Oct 15, 2010 4:30 PM PST
LOS ANGELES — The Los Angeles City Council was hesitant to suspend adult film production permits Friday after being challenged by officials from the AIDS Healthcare Foundation.

The AHF has campaigned intensively in the past year over enforcement of condom use and safe-sex practices in porn, ramping up its voice after a porn performer tested positive for HIV earlier this week.

AHF officials called on City Council to direct Film L.A., the agency contracted by the city of Los Angeles to handle film permits, to suspend issuing permits.

“A requirement from L.A. City Council would send a powerful message that the public bodies think it’s an important public health issue,” AHF spokesman Ged Kenslea told the council. “We want to suspend porn production until this incident is sorted out.”

But Councilman Richard Alarcon, speaking to the Los Angeles Times, said that there could be a risk with lawsuits over civil rights violations and the AHF's call was not practical.

“To revoke a permit for an entire industry — where does it stop?” Alarcon said. “If a stuntman injures himself — and we know there are injuries to stuntmen all the time — are we going to pull all the permits for the industry? The answer is no.

"There are civil rights issues that this particular industry has been very strong on and, frankly, they have prevailed," he said, noting there could be “extensive litigation at great expense to the taxpayers.”

Alarcon said that the responsibility should be shouldered by Cal/OSHA, which regulates workplace safety.

“They have the workplace regulations, and it’s incumbent on them to target,” Alarcon said.
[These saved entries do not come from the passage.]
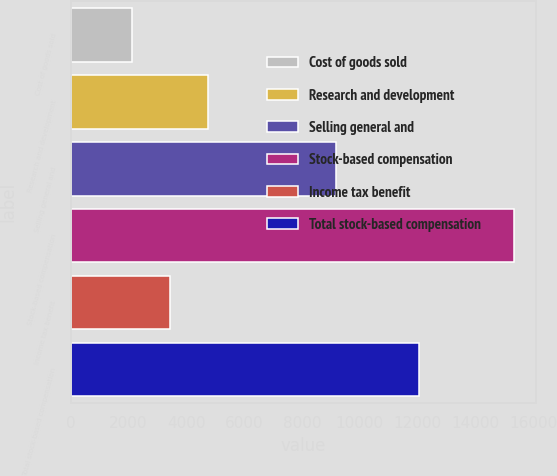Convert chart to OTSL. <chart><loc_0><loc_0><loc_500><loc_500><bar_chart><fcel>Cost of goods sold<fcel>Research and development<fcel>Selling general and<fcel>Stock-based compensation<fcel>Income tax benefit<fcel>Total stock-based compensation<nl><fcel>2124<fcel>4762.4<fcel>9159<fcel>15316<fcel>3443.2<fcel>12030<nl></chart> 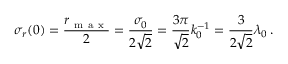<formula> <loc_0><loc_0><loc_500><loc_500>\sigma _ { r } ( 0 ) = \frac { r _ { m a x } } { 2 } = \frac { \sigma _ { 0 } } { 2 \sqrt { 2 } } = \frac { 3 \pi } { \sqrt { 2 } } k _ { 0 } ^ { - 1 } = \frac { 3 } { 2 \sqrt { 2 } } \lambda _ { 0 } \, .</formula> 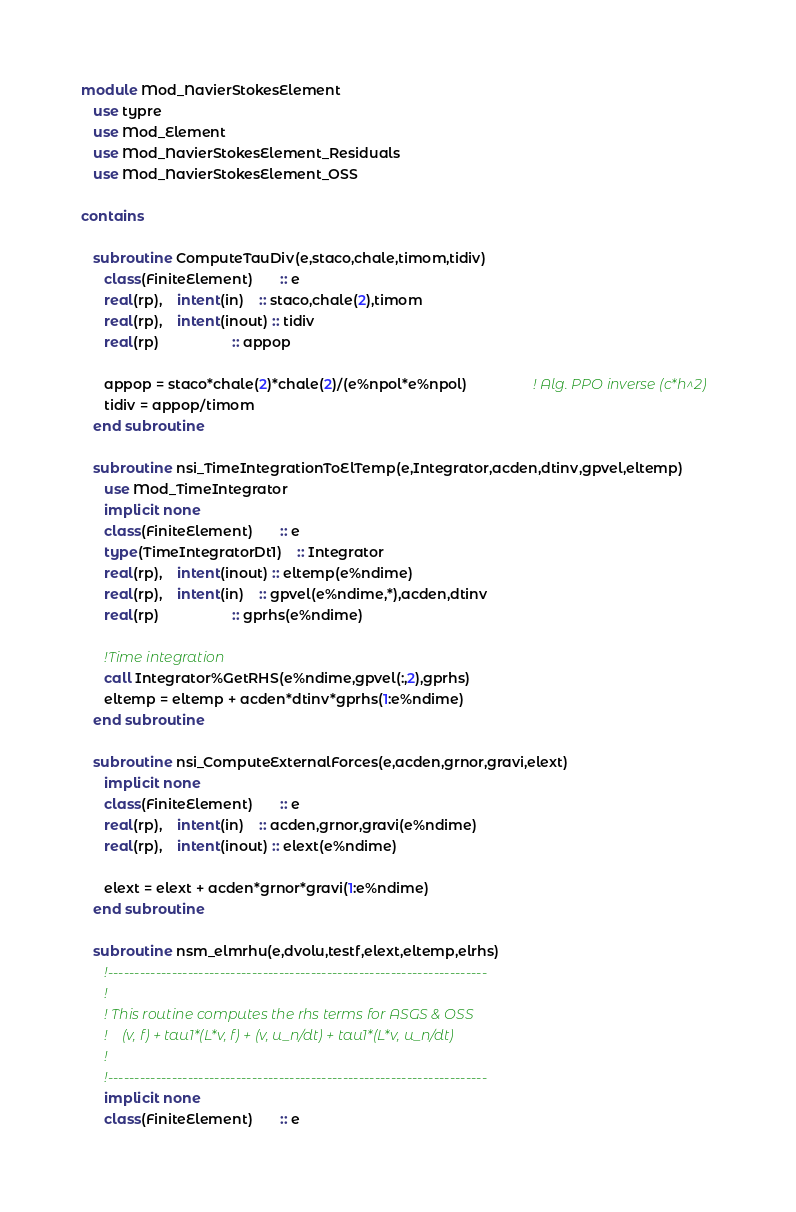<code> <loc_0><loc_0><loc_500><loc_500><_FORTRAN_>module Mod_NavierStokesElement
   use typre
   use Mod_Element
   use Mod_NavierStokesElement_Residuals
   use Mod_NavierStokesElement_OSS
   
contains
   
   subroutine ComputeTauDiv(e,staco,chale,timom,tidiv)
      class(FiniteElement)       :: e
      real(rp),    intent(in)    :: staco,chale(2),timom
      real(rp),    intent(inout) :: tidiv
      real(rp)                   :: appop

      appop = staco*chale(2)*chale(2)/(e%npol*e%npol)                 ! Alg. PPO inverse (c*h^2)
      tidiv = appop/timom
   end subroutine
   
   subroutine nsi_TimeIntegrationToElTemp(e,Integrator,acden,dtinv,gpvel,eltemp)
      use Mod_TimeIntegrator
      implicit none
      class(FiniteElement)       :: e
      type(TimeIntegratorDt1)    :: Integrator
      real(rp),    intent(inout) :: eltemp(e%ndime)
      real(rp),    intent(in)    :: gpvel(e%ndime,*),acden,dtinv
      real(rp)                   :: gprhs(e%ndime)
      
      !Time integration
      call Integrator%GetRHS(e%ndime,gpvel(:,2),gprhs)
      eltemp = eltemp + acden*dtinv*gprhs(1:e%ndime)
   end subroutine
   
   subroutine nsi_ComputeExternalForces(e,acden,grnor,gravi,elext)
      implicit none
      class(FiniteElement)       :: e
      real(rp),    intent(in)    :: acden,grnor,gravi(e%ndime)
      real(rp),    intent(inout) :: elext(e%ndime)
      
      elext = elext + acden*grnor*gravi(1:e%ndime)
   end subroutine
   
   subroutine nsm_elmrhu(e,dvolu,testf,elext,eltemp,elrhs)
      !-----------------------------------------------------------------------
      !
      ! This routine computes the rhs terms for ASGS & OSS
      !    (v, f) + tau1*(L*v, f) + (v, u_n/dt) + tau1*(L*v, u_n/dt)
      !
      !-----------------------------------------------------------------------
      implicit none
      class(FiniteElement)       :: e</code> 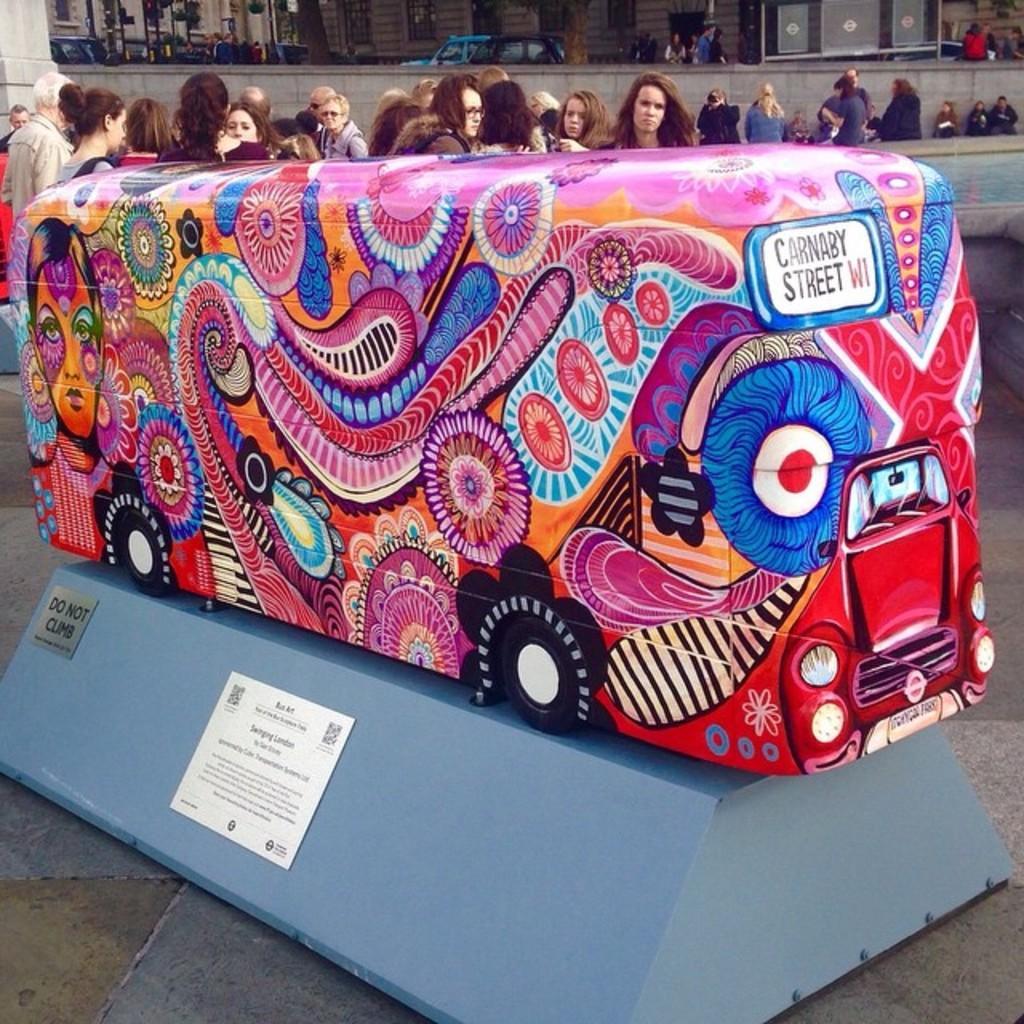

On Thursday, Diane Duke, the Free Speech Coalition's executive director, told XBIZ that AHF's decision to appear at City Council amounted to the nonprofit's continual attempt to exploit the latest HIV scare for political gain.

"Rather than recognizing the industry for going above and beyond what is required, AHF is using this opportunity to continue its never-ending stream of grandstanding," she said.

As for the number of adult companies that apply for film permits, it is unknown.

Film L.A. spokesman Todd Lindgren told XBIZ that the agency does not track the specific content of each registered shoot, "just the genre, as in terms of drama or comedy."